» Prompt:
Provide the data again in its entirety, exactly as given.
==========
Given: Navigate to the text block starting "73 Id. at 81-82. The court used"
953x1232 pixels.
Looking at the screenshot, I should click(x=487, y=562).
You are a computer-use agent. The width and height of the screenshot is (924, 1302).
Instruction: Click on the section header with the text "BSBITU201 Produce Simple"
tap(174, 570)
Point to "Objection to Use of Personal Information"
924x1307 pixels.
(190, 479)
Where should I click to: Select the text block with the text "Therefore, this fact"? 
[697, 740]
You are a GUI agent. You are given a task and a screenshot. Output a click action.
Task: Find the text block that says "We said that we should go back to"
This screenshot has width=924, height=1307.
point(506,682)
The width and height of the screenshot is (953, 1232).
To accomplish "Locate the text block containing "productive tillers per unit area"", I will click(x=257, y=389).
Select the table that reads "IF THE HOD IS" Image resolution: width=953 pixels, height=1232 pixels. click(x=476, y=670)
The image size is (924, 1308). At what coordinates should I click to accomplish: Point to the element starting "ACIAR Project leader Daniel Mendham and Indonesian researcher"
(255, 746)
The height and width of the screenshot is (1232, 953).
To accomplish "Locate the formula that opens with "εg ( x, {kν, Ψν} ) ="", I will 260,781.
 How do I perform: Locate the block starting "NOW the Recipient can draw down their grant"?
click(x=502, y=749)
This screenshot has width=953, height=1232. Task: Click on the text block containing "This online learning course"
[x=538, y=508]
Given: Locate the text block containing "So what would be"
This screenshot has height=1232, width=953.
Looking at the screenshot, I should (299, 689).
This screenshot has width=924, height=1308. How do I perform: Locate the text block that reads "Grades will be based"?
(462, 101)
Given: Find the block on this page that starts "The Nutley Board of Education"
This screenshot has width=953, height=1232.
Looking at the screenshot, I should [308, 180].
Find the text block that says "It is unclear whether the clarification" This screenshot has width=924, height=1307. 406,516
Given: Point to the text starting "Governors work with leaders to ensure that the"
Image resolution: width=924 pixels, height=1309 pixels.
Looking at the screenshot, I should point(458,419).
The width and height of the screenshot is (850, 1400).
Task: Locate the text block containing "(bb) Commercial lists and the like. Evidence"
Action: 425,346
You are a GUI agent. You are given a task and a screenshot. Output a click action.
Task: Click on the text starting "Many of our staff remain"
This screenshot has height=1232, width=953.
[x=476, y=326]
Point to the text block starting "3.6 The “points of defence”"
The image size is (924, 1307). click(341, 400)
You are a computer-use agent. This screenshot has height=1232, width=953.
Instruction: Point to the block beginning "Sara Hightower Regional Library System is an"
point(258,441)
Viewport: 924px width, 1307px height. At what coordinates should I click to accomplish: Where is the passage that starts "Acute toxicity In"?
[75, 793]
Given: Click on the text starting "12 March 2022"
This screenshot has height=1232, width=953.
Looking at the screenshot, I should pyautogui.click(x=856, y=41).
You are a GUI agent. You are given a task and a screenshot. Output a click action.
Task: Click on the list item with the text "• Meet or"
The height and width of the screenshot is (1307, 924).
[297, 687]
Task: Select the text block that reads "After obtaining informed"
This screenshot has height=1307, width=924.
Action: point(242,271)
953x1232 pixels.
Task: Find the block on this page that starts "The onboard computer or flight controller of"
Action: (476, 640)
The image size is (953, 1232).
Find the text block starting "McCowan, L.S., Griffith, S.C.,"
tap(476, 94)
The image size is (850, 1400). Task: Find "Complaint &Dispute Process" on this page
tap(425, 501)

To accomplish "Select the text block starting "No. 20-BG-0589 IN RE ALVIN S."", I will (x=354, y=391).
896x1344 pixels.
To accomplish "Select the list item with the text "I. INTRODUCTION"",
==========
» Task solution:
Given: Navigate to the text block starting "73 Id. at 81-82. The court used"
953x1232 pixels.
Looking at the screenshot, I should click(x=487, y=562).
You are a computer-use agent. The width and height of the screenshot is (924, 1302).
Instruction: Click on the section header with the text "BSBITU201 Produce Simple"
tap(174, 570)
Point to "Objection to Use of Personal Information"
924x1307 pixels.
(190, 479)
Where should I click to: Select the text block with the text "Therefore, this fact"? 
[697, 740]
You are a GUI agent. You are given a task and a screenshot. Output a click action.
Task: Find the text block that says "We said that we should go back to"
This screenshot has width=924, height=1307.
point(506,682)
The width and height of the screenshot is (953, 1232).
To accomplish "Locate the text block containing "productive tillers per unit area"", I will click(x=257, y=389).
Select the table that reads "IF THE HOD IS" Image resolution: width=953 pixels, height=1232 pixels. click(x=476, y=670)
The image size is (924, 1308). At what coordinates should I click to accomplish: Point to the element starting "ACIAR Project leader Daniel Mendham and Indonesian researcher"
(255, 746)
The height and width of the screenshot is (1232, 953).
To accomplish "Locate the formula that opens with "εg ( x, {kν, Ψν} ) ="", I will 260,781.
 How do I perform: Locate the block starting "NOW the Recipient can draw down their grant"?
click(x=502, y=749)
This screenshot has width=953, height=1232. Task: Click on the text block containing "This online learning course"
[x=538, y=508]
Given: Locate the text block containing "So what would be"
This screenshot has height=1232, width=953.
Looking at the screenshot, I should (299, 689).
This screenshot has width=924, height=1308. How do I perform: Locate the text block that reads "Grades will be based"?
(462, 101)
Given: Find the block on this page that starts "The Nutley Board of Education"
This screenshot has width=953, height=1232.
Looking at the screenshot, I should [308, 180].
Find the text block that says "It is unclear whether the clarification" This screenshot has width=924, height=1307. 406,516
Given: Point to the text starting "Governors work with leaders to ensure that the"
Image resolution: width=924 pixels, height=1309 pixels.
Looking at the screenshot, I should point(458,419).
The width and height of the screenshot is (850, 1400).
Task: Locate the text block containing "(bb) Commercial lists and the like. Evidence"
Action: 425,346
You are a GUI agent. You are given a task and a screenshot. Output a click action.
Task: Click on the text starting "Many of our staff remain"
This screenshot has height=1232, width=953.
[x=476, y=326]
Point to the text block starting "3.6 The “points of defence”"
The image size is (924, 1307). click(341, 400)
You are a computer-use agent. This screenshot has height=1232, width=953.
Instruction: Point to the block beginning "Sara Hightower Regional Library System is an"
point(258,441)
Viewport: 924px width, 1307px height. At what coordinates should I click to accomplish: Where is the passage that starts "Acute toxicity In"?
[75, 793]
Given: Click on the text starting "12 March 2022"
This screenshot has height=1232, width=953.
Looking at the screenshot, I should pyautogui.click(x=856, y=41).
You are a GUI agent. You are given a task and a screenshot. Output a click action.
Task: Click on the list item with the text "• Meet or"
The height and width of the screenshot is (1307, 924).
[297, 687]
Task: Select the text block that reads "After obtaining informed"
This screenshot has height=1307, width=924.
Action: point(242,271)
953x1232 pixels.
Task: Find the block on this page that starts "The onboard computer or flight controller of"
Action: (476, 640)
The image size is (953, 1232).
Find the text block starting "McCowan, L.S., Griffith, S.C.,"
tap(476, 94)
The image size is (850, 1400). Task: Find "Complaint &Dispute Process" on this page
tap(425, 501)

To accomplish "Select the text block starting "No. 20-BG-0589 IN RE ALVIN S."", I will (x=354, y=391).
896x1344 pixels.
To accomplish "Select the list item with the text "I. INTRODUCTION"",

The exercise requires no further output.